The instrument is based on a pulsed laser. The laser fires a pulse at the surface of the object, resulting in the ejection of a tiny quantity of material. The ablation measures 50 to 100 microns wide and less than 1 micron thick. It’s also white hot: more than 9,700 degrees Celsius. “The ablation produces a plasma gas which emits light,” Anglos said. “Thanks to our detector, we can find out what elements are present in the plasma and consequently, in the solid surface.” The procedure is based on Laser-Induced Breakdown Spectroscopy, a technique often referred to as LIBS.
The instrument can be used to find out what kinds of alloys were used in gold-colored paint. Details on paint composition can tell researchers where an object came from, and can precisely date an item. The composition of white paint on pottery, for example, can reveal whether it came from a palace or from a poor village. Thanks to this kind of elemental information, researchers can theorize on the period and provenance of any object. And museums can find out whether an old painting was once restored.
The instrument provides several advantages. First, the sample used is so small that the damage to the original is minimal. This is primordial in the case of paintings. Secondly, the object is portable. It’s the size of a small table, whereas other elemental analysis equipment can take up a whole room. Researchers at excavation projects often have large numbers of samples they want to analyze on site rather than bring them to the main lab. In addition, archaeological finds, particularly in Greece, are rigorously monitored by cultural authorities. Official permissions are needed to export a find for analysis in the United States or the rest of Europe. “Even sending it to Athens can be subject to strict regulations,” Anglos said.
Also, the process is relatively quick: ten-billionth of a second for the laser pulse and another microsecond or two for the light detector to do its work. Analyzing the data might take more time.

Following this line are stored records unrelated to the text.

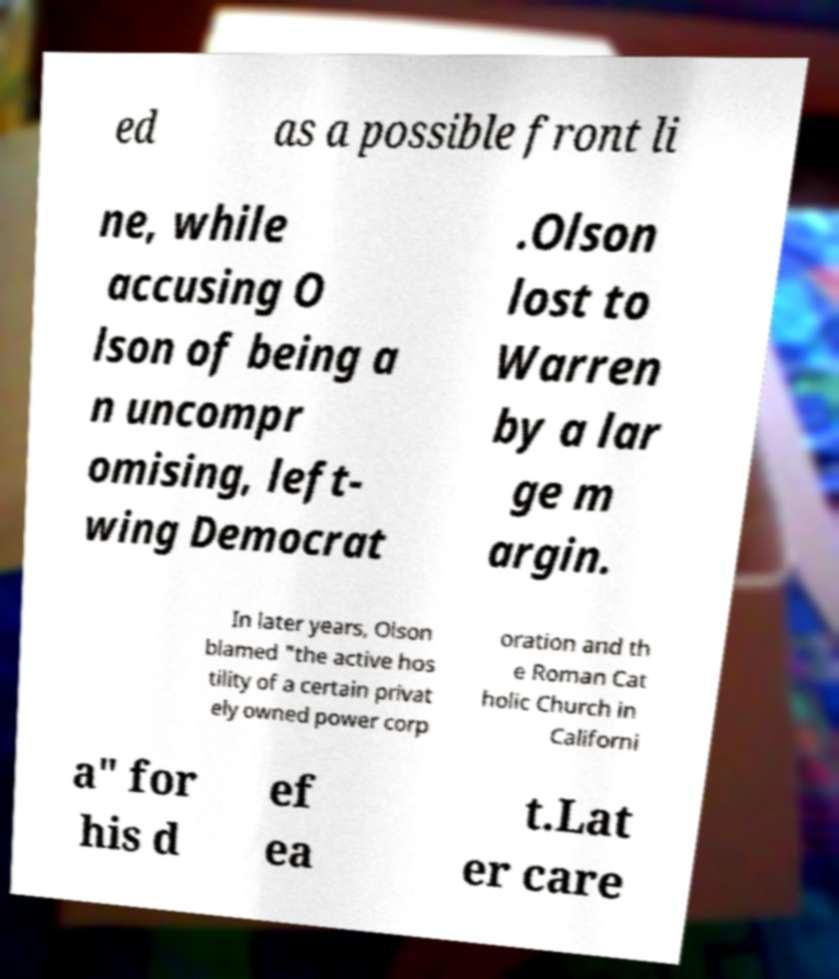There's text embedded in this image that I need extracted. Can you transcribe it verbatim? ed as a possible front li ne, while accusing O lson of being a n uncompr omising, left- wing Democrat .Olson lost to Warren by a lar ge m argin. In later years, Olson blamed "the active hos tility of a certain privat ely owned power corp oration and th e Roman Cat holic Church in Californi a" for his d ef ea t.Lat er care 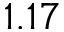<formula> <loc_0><loc_0><loc_500><loc_500>1 . 1 7</formula> 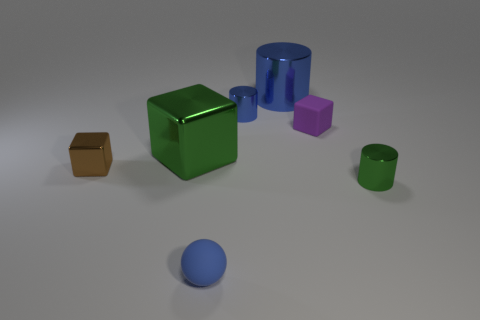Subtract all gray blocks. Subtract all purple balls. How many blocks are left? 3 Add 1 green metallic balls. How many objects exist? 8 Subtract all balls. How many objects are left? 6 Subtract all small blue rubber spheres. Subtract all large blue balls. How many objects are left? 6 Add 2 large blocks. How many large blocks are left? 3 Add 2 blue rubber things. How many blue rubber things exist? 3 Subtract 1 purple blocks. How many objects are left? 6 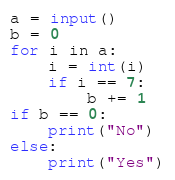Convert code to text. <code><loc_0><loc_0><loc_500><loc_500><_Python_>a = input()
b = 0
for i in a:
    i = int(i)
    if i == 7:
        b += 1
if b == 0:
    print("No")
else:
    print("Yes")</code> 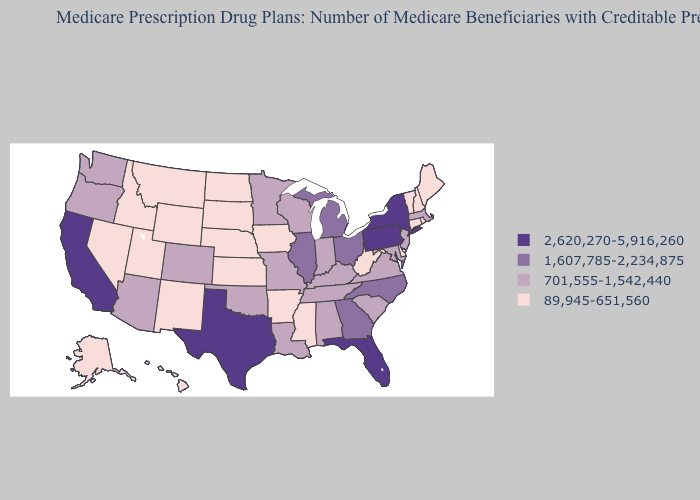What is the highest value in the Northeast ?
Concise answer only. 2,620,270-5,916,260. Which states hav the highest value in the West?
Be succinct. California. Which states have the lowest value in the Northeast?
Concise answer only. Connecticut, Maine, New Hampshire, Rhode Island, Vermont. What is the lowest value in states that border Vermont?
Write a very short answer. 89,945-651,560. What is the highest value in the MidWest ?
Keep it brief. 1,607,785-2,234,875. What is the value of New Mexico?
Short answer required. 89,945-651,560. What is the lowest value in states that border Arizona?
Give a very brief answer. 89,945-651,560. What is the value of Florida?
Short answer required. 2,620,270-5,916,260. What is the value of Texas?
Give a very brief answer. 2,620,270-5,916,260. What is the value of Texas?
Write a very short answer. 2,620,270-5,916,260. What is the lowest value in the USA?
Quick response, please. 89,945-651,560. Which states hav the highest value in the South?
Give a very brief answer. Florida, Texas. What is the value of Colorado?
Write a very short answer. 701,555-1,542,440. What is the value of Arkansas?
Be succinct. 89,945-651,560. Does Texas have the lowest value in the South?
Write a very short answer. No.

The downside might be the price. Right now, the prototype costs just less than $90,000 to build. Any potential industrial partner would have to re-engineer LMnt1 in order to make it cheaper. Cultural bodies like museums and archaeological research projects general operate on a limited budget.

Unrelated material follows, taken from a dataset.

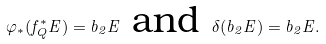<formula> <loc_0><loc_0><loc_500><loc_500>\varphi _ { * } ( f _ { Q } ^ { * } E ) = b _ { 2 } E \text { and } \delta ( b _ { 2 } E ) = b _ { 2 } E .</formula> 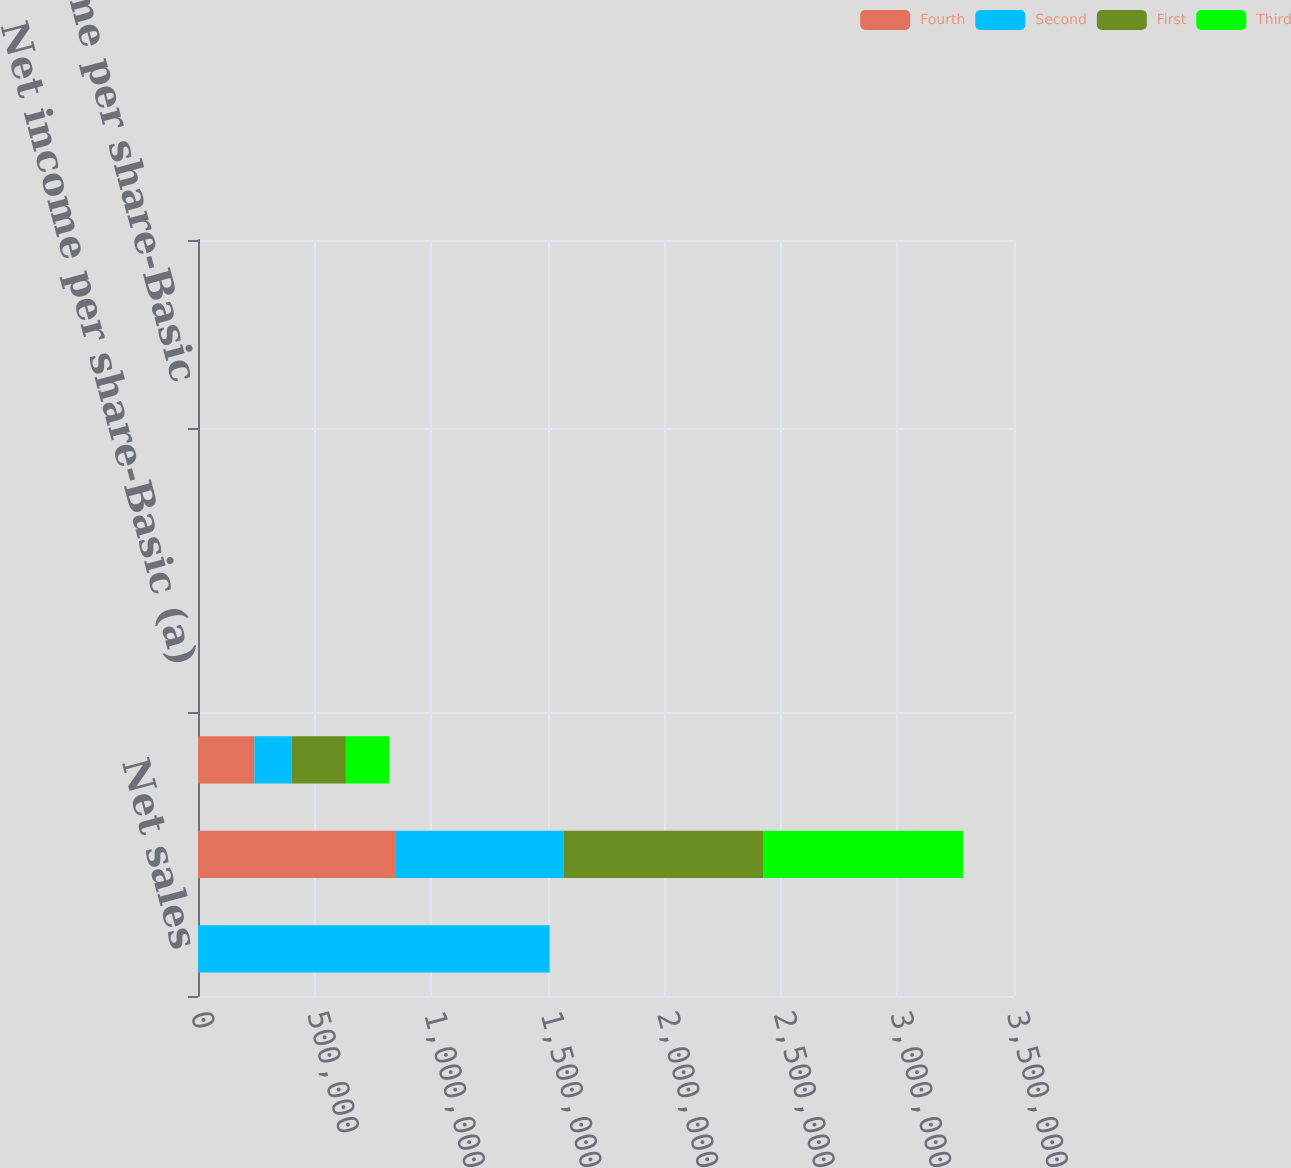Convert chart to OTSL. <chart><loc_0><loc_0><loc_500><loc_500><stacked_bar_chart><ecel><fcel>Net sales<fcel>Gross profit<fcel>Net income<fcel>Net income per share-Basic (a)<fcel>Net income per share-Diluted<fcel>Dividends paid per share<fcel>Net income per share-Basic<fcel>High<nl><fcel>Fourth<fcel>1.07<fcel>849337<fcel>241906<fcel>1.11<fcel>1.06<fcel>0.42<fcel>1<fcel>87.53<nl><fcel>Second<fcel>1.50851e+06<fcel>718574<fcel>159504<fcel>0.73<fcel>0.7<fcel>0.42<fcel>0.66<fcel>91.25<nl><fcel>First<fcel>1.07<fcel>855551<fcel>232985<fcel>1.07<fcel>1.03<fcel>0.48<fcel>0.96<fcel>97.69<nl><fcel>Third<fcel>1.07<fcel>857386<fcel>186075<fcel>0.85<fcel>0.82<fcel>0.48<fcel>0.77<fcel>100.9<nl></chart>

“Not many institutions can afford anything more than $50,000,” said Christopher McGlinchey, conservation scientist at New York’s Museum of Modern Art. However, the price tag is smaller than more sophisticated elemental analysis instruments.
Staff at the Crete study center of the Institute for Aegean Prehistory (INSTAP) have been using the prototype in the field with encouraging results. “All you need to do is place the object being analyzed under the probe and the results appear on the screen,” said Philip P. Betancourt, INSTAP’s executive director. He added that unlike other techniques, this one doesn’t require any time-consuming sample preparation. In addition, it’s so easy to use, there is no need for a specialized technician to man the machine.
However, LMnt1 is not as accurate as some other methods. The instrument can indicate what elements are present, but not how much. “In the end, it doesn’t replace much more expensive and sophisticated equipment,” Betancourt said. “But we found it very helpful and easy to use in the field.”